The opening of hurt locker begins with a title ‘The rus of battle is oftern a potent and lethal addiction, war is a drug’.  This is a power statement from a journalist who has written war books, he is and activist against war. He is able to identify the problem with war going on for so long. This immediately makes the film is going to be against war, showing a negative point of view suggesting no happy ending. There  is then a close up of a crushed pepsi can, this reflects the commercialised nature of america, symbolises how america have taken over them. The fact the can is crushed it shows the competition, links to the boy selling the western  DVDs. The war is still going on but money and commerical things are still a problem, a political critism. The next shot is  a long shot of dead pigs hanging featuring soliders. The is shot foreshadows what is about to happen. The butcher is acting innocently as a civilian, where as as he knows that he has a phone to detonate the bomb. The sound the veiwer hears is a heart beat and it gets faster as you can hear the civillians screaming. There is a close up shot of a camera screen of a bomb disposal unit ,this shows technological awareness, it also flecting how this film is modern made in mordern day. This fulls into authenticity, showing what the US militarily use in the iraq war. Fuzzy and unclear image on the screen adds to the difficulty of what they are doing.  The way they describe the difficulty through their use of dialogue of their job, it comes across as weird and rude remarks, this suggest that the chracters are quite comfotable at this point in the film no danger coming too soon.

In a over the shoulder shot we see through Thompsons lighthearted descripson of the bomb that he is making, this again shows their relaxed nature, this could create frustration for the audience as they want them to take it serioulsy, however this relaxed nature could on the other hand make some viewers feel trust toawrds them because they seem to know what they are doing. There is a low angle shot of a heard of  goats who  run past, they remind the audience where the film is set, in a domestic poor area in Irac., live stock runs around freely in the streets. It reflects the cultural differences goats are allowed to walk about, adds to the comedic element from the soldiers. The sheeps are a metaphor for The locals  showing they are treated worse by being pushed around. It relfcts the contrasts between the undevelped country, compared to the tech coverd soldiers. There is a long shot of the men in the middle of doing the bomb disposal mentions that hes “craving a burger”. This has sterotypical American connotations, and also foreshadows his death, as burgers are the most common last meal request. It is also protraying a very hyper-masuline type of man, talking about burgers and saying ‘dick’ jokes. There is a low angle shot showing a bomb cart being broken, showing the lack of military reseourses/ funding and how the US army have let them down. There are helicopters and expensive machinery, yet the one simple thing they need int working. It creates a frustrated emotional response for the audience. There is then a low angle point of shot of a US helicopter, its as though they are looking over them, watching out for them.
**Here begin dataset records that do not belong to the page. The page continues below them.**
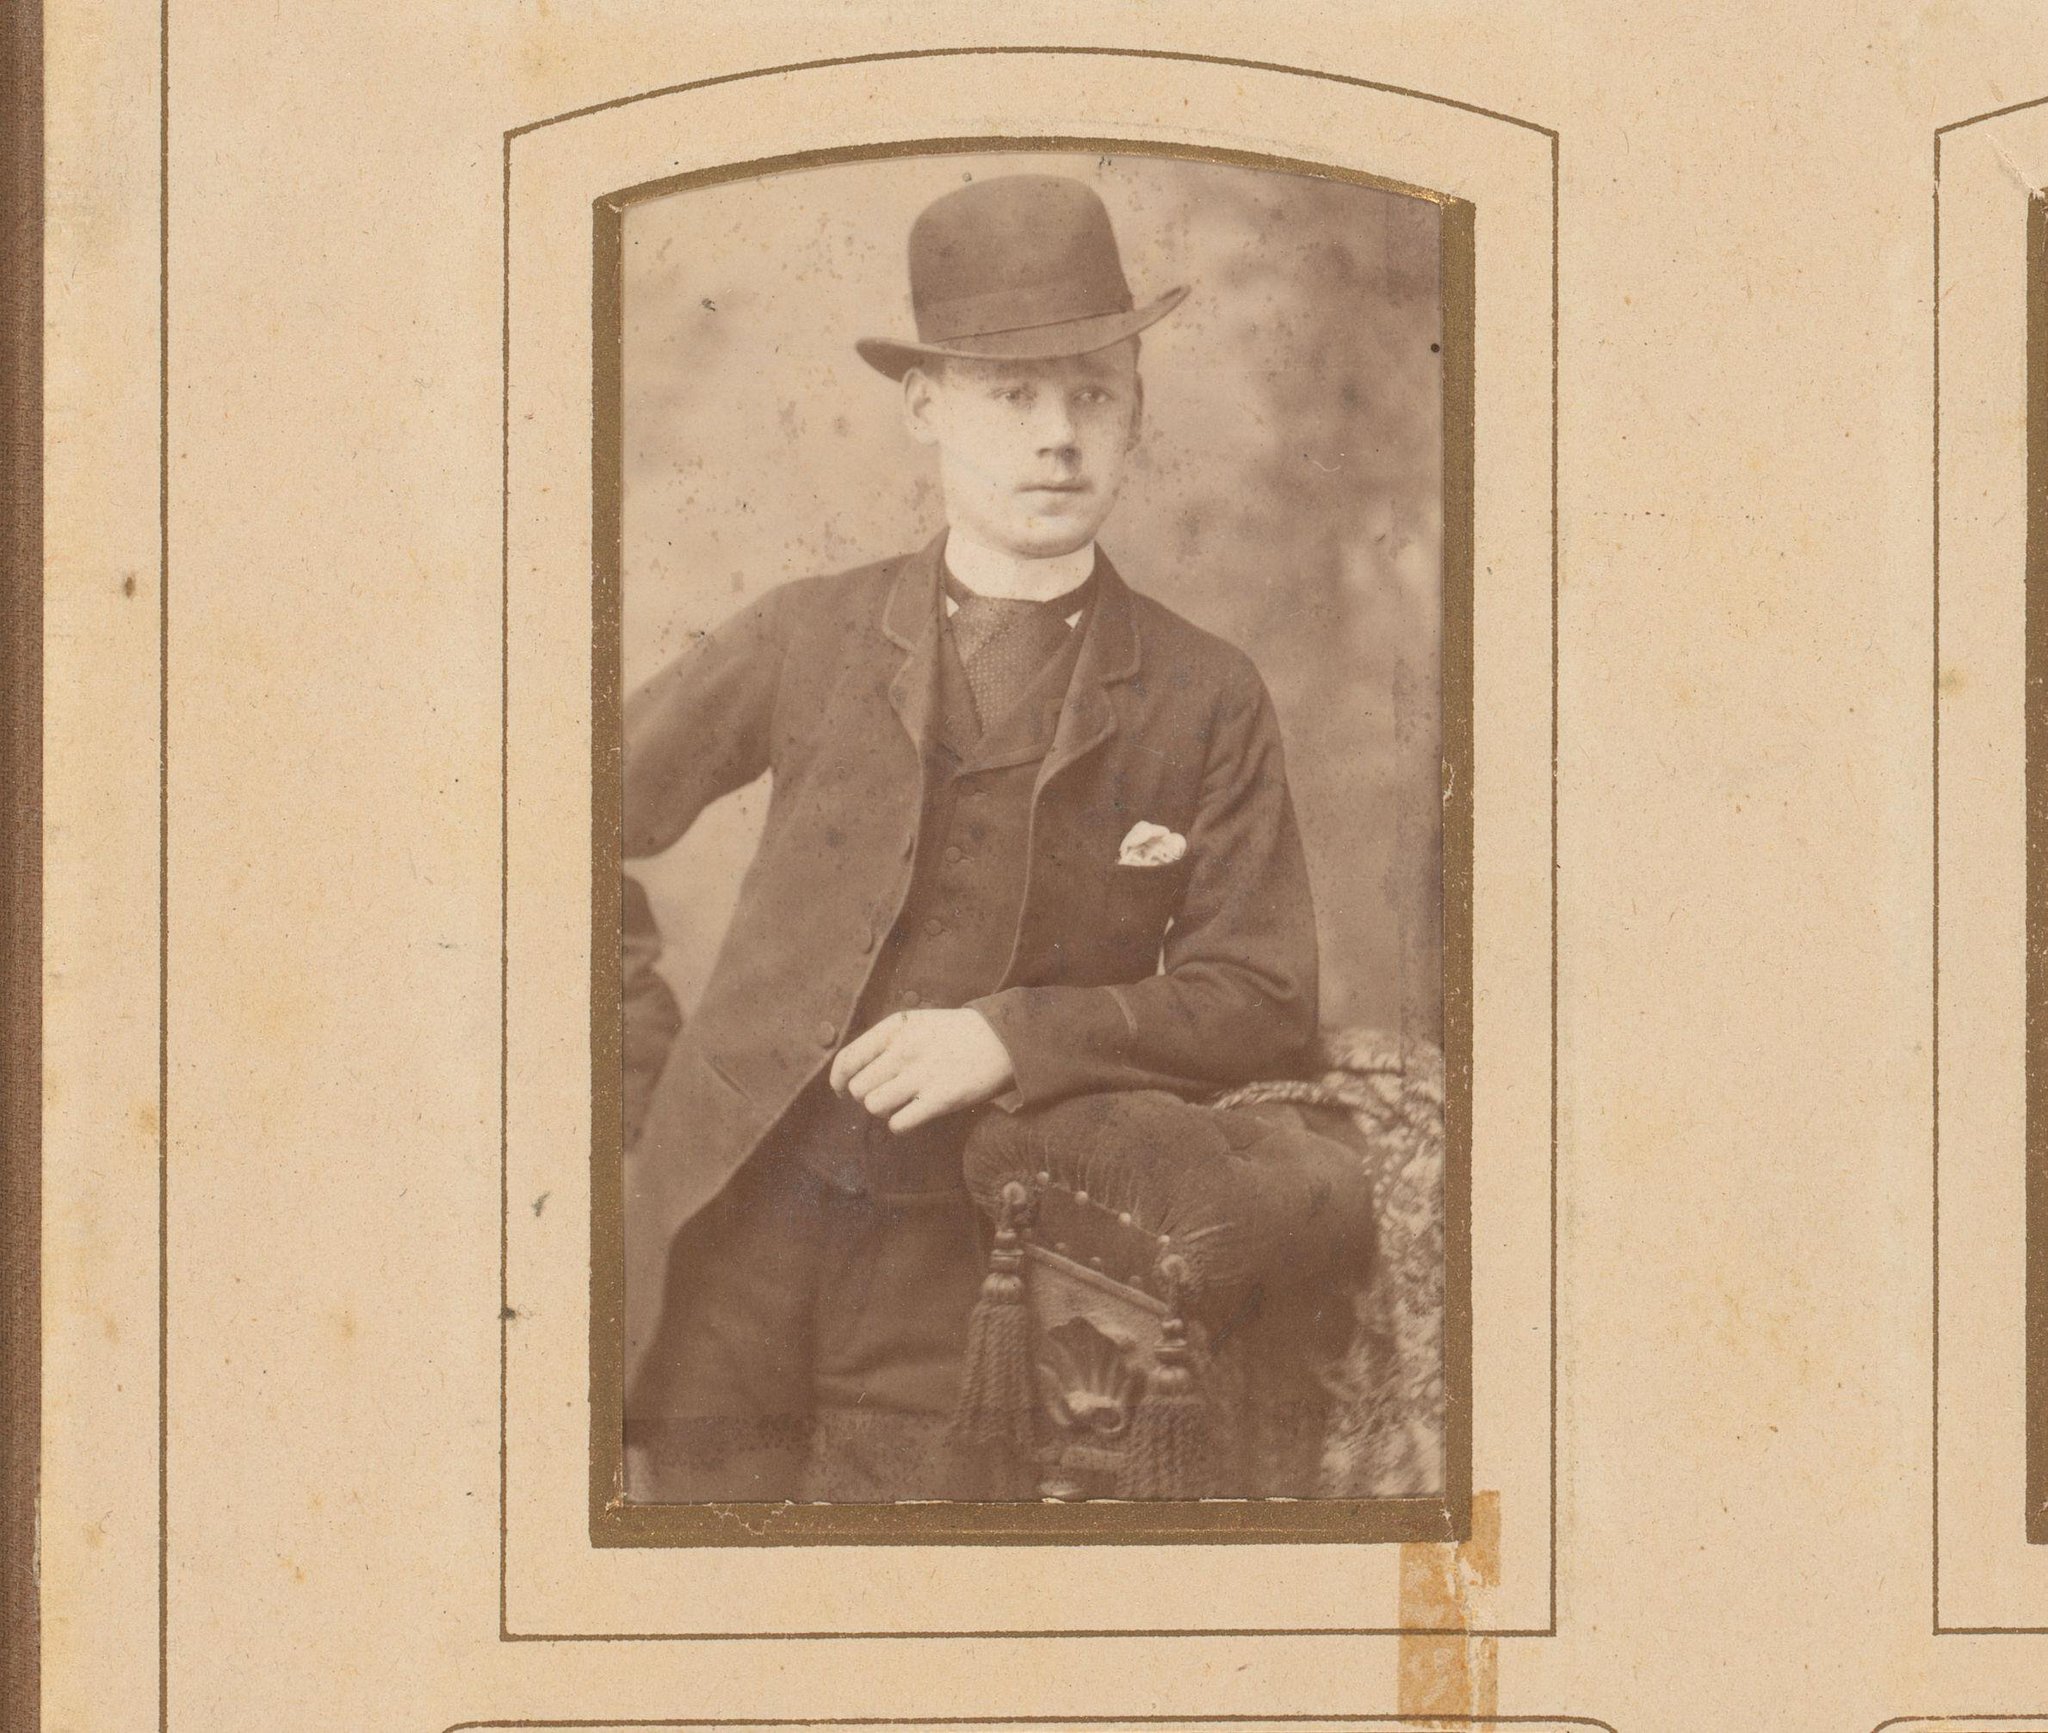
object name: album leaf
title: Portret van een staande jonge man met bolhoed, leunend op de leuning van een stoel
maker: william george henry wright
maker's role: fotograaf
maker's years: 1860-1915
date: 1885-1900
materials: cardboard, photographic support
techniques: albumen print
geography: london
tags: standing figure, head-gear: bowler hat, historical persons, youth, adolescent, chair
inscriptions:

This shot again adds to the authenticty of a real US aircraft. This also could be a reflection of heaven reflecting his death. There is a two-shot mid shot, it shows the contrast between the US army and the locals. They both take up the same amount of the screen, but eh man is reaching out with his hand whereas the soldier is using his gun, this is a powerful and violent image . This shot also provides context, by showing the poor conditions that they are living in and how the army is making it worse. There is a close up shot of a soilders face to show the emotion. The two charcters have a light-hearted conersation which momentarily breaks the tension. This adds characters development to the two charcters. There is a close up shot of bombs using handheld camera creating tention and realism, relfecing the need to becarful with the bombs.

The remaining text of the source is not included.